PoS requires users to place a stake in the network to participate in consensus.
Depending on the variation of PoS protocol, each epoch will have various steps. An example of a PoS consensus protocol is Tendermint. Tendermit prioritises Availability over Consistency.
DPoS is the most similar to current representative politics structures; but has been associated to enhancing inequalities between nodes and various attacks.

Update 22.07.2019:

A new paper outlines the design of a distributed ledger, which orders transactions by decoupling consensus mechanisms and transaction validity. Summarising, nodes will are merely required to validate the transactions that validate the state of the application in use. “The ‘data availability problem’ asks how a client– such as a light client–that only downloads block headers, but not the corresponding block data (e.g., list of transactions), can satisfy itself that the block data is not being withheld by the producer of the block (e.g., a miner), and that the full data is indeed available to the network” -- a solution to this problem has been proposed by Mustafa Al-Bassam et al. via erasure coding.

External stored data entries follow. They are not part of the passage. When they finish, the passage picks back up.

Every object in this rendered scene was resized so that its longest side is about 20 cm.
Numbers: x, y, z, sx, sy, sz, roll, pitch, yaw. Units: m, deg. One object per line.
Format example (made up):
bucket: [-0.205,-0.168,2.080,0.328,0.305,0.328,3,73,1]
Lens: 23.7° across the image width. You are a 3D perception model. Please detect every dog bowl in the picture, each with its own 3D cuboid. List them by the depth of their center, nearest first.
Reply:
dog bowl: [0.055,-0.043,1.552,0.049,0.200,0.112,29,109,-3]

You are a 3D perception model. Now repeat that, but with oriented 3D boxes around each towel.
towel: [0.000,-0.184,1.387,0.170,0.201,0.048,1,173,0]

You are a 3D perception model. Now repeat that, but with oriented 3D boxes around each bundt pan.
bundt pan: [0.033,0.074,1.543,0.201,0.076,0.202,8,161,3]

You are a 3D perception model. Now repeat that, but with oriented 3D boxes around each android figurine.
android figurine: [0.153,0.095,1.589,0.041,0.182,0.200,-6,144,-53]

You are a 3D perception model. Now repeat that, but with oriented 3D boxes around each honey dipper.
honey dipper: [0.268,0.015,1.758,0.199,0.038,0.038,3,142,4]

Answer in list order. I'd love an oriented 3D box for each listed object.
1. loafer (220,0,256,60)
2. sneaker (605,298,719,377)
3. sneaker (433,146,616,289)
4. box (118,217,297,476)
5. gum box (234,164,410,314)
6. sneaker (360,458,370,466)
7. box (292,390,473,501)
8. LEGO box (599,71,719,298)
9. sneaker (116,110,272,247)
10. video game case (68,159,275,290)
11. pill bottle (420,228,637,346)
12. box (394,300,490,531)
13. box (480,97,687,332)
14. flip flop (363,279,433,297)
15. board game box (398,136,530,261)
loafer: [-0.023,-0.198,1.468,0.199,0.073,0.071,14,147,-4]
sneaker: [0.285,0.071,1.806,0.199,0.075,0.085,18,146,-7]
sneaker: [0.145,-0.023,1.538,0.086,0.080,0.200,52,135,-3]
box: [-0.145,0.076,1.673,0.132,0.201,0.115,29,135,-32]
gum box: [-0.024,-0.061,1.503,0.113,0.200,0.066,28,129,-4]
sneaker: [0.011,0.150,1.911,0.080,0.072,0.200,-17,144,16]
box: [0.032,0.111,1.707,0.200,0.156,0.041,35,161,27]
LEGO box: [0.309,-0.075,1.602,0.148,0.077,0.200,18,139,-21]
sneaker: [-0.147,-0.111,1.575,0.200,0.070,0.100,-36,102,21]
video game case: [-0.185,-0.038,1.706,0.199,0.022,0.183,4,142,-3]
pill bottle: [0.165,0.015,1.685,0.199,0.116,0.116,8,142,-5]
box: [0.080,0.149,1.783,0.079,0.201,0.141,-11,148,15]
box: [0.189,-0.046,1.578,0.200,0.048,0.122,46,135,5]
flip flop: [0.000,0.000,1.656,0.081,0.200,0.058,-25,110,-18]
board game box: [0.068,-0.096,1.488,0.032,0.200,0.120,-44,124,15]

LazyLedger divides the network into three different types of nodes: Consensus Nodes, Storage Nodes, and Client Nodes, which are all connected in a peer to peer network. If A is not a dependency for B, then A is irrelevant for the users of B. For the contrary, an application may only be executed if another application is within a certain state.

Furthermore, this paper outlines a consensus mechanism design that does not depend on token holders to collateralise value in the network. Instead it implements similar principles as the web of trust. Thus, allowing more participants to contribute in the consensus, making the network overall more decentralised.